When we think about careers or businesses are they just about making money? is that all we are here to do? I want to make a good living just as much as the next guy, but if it is our sole focus what does that say about us? What does that say to our co-workers, our families, our friends, and our communities? When you are gone will your co-workers or employees say that it was great to work with you or that it was a battle to come to work everyday? Will they say that your mission statement truly meant something or it was just a saying that nobody really believed in or practiced? Are your co-workers or employees proud they worked with or for you or do they tell their friends that work is “just a job”? Personally, I don’t want to work at “just a job” I want to be part of a company that has a culture of excellence, holds its employees in high esteem, values its place in the community, and sets a high standard for how it operates.
Whether you ever own your own company or always work for someone else we all have a responsibility (especially if we are owners or managers) to see that we care about more than just the bottom line. Of course if your company is not profitable it cannot be in business, I am not talking about that, I am talking about the individuals and companies that only care about their own wealth and not about how their actions effect their employees or community.

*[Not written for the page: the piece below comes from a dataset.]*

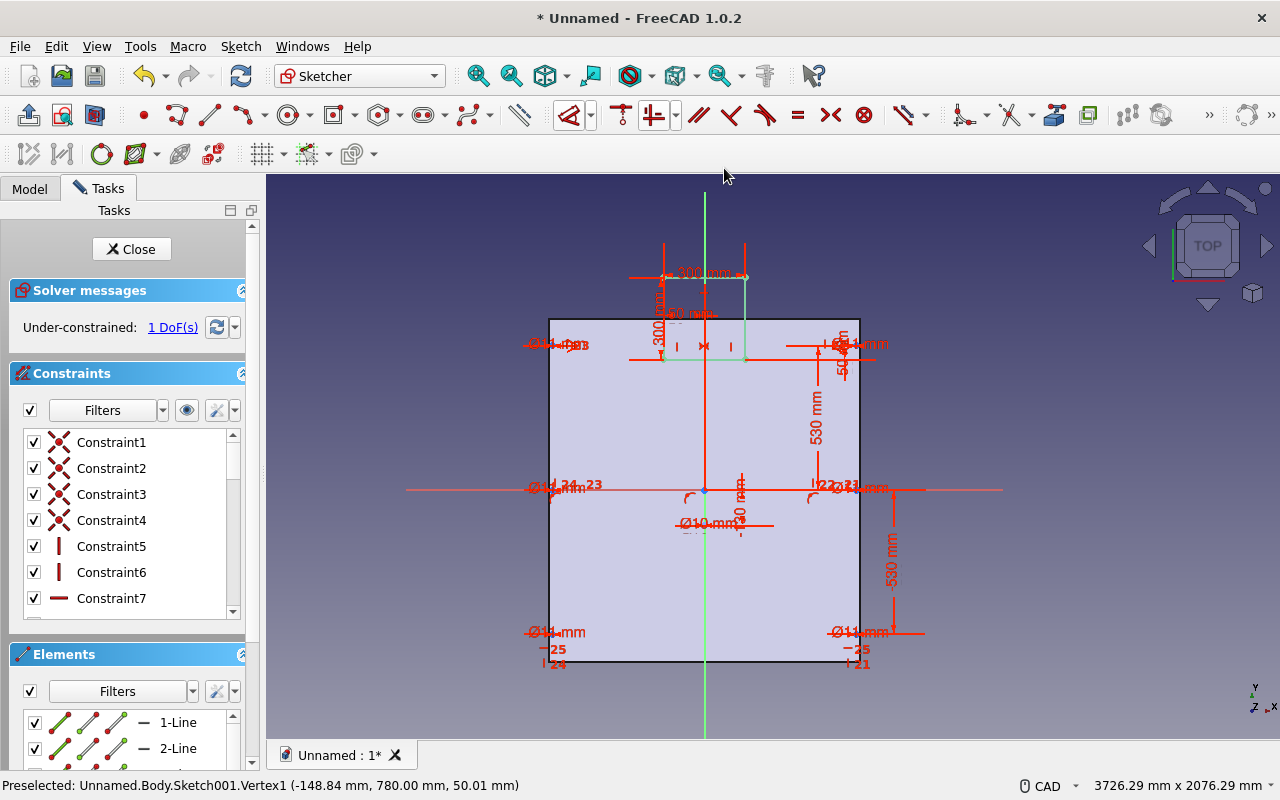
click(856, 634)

A huge corporation possibly will get by on treating its employees badly but if you work for a smaller company you cannot. If you do, your company will ultimately suffer monetarily and your legacy will not be one to be proud of. Is that really what you want?
I propose that your legacy is something that you can determine but you need to start today. Most of the time we know what the right thing to do is and we just don’t do it. I also propose that having a good legacy adds significant economic value. first of all, individually and as a company, the more you are trusted the more others will want to do business with you. Secondly, the higher affinity employees feel with a company the higher they will produce. Thirdly, a brand with a great legacy will last a long time. Today is your opportunity to begin changing your legacy for the better so how you will be remembered will be something you, your family, and company will be proud of.
I leave you with some of my aunt’s final writings in the company newsletter. She knew what she wanted her legacy and the companies legacy to be long after she was gone. It was a legacy she had striven for and something those after her could strive for, something to come to work for and take pride in, her legacy is something to remember for good. What will yours be?
“In our time, corporate greed seems to be at an all-time high. Ethics are thrown out the window for profit. Honesty is a joke. We did not fully realize that integrity has real value. We assumed everyone has it and many do not…the first phrase of our mission statement says “by striving to honor God and each other…” Striving implies that there is effort put forth to honor God and to honor each other. As the CEO, my passion is to put forth the effort to honor God and you. I hope each of you will join me in the effort.”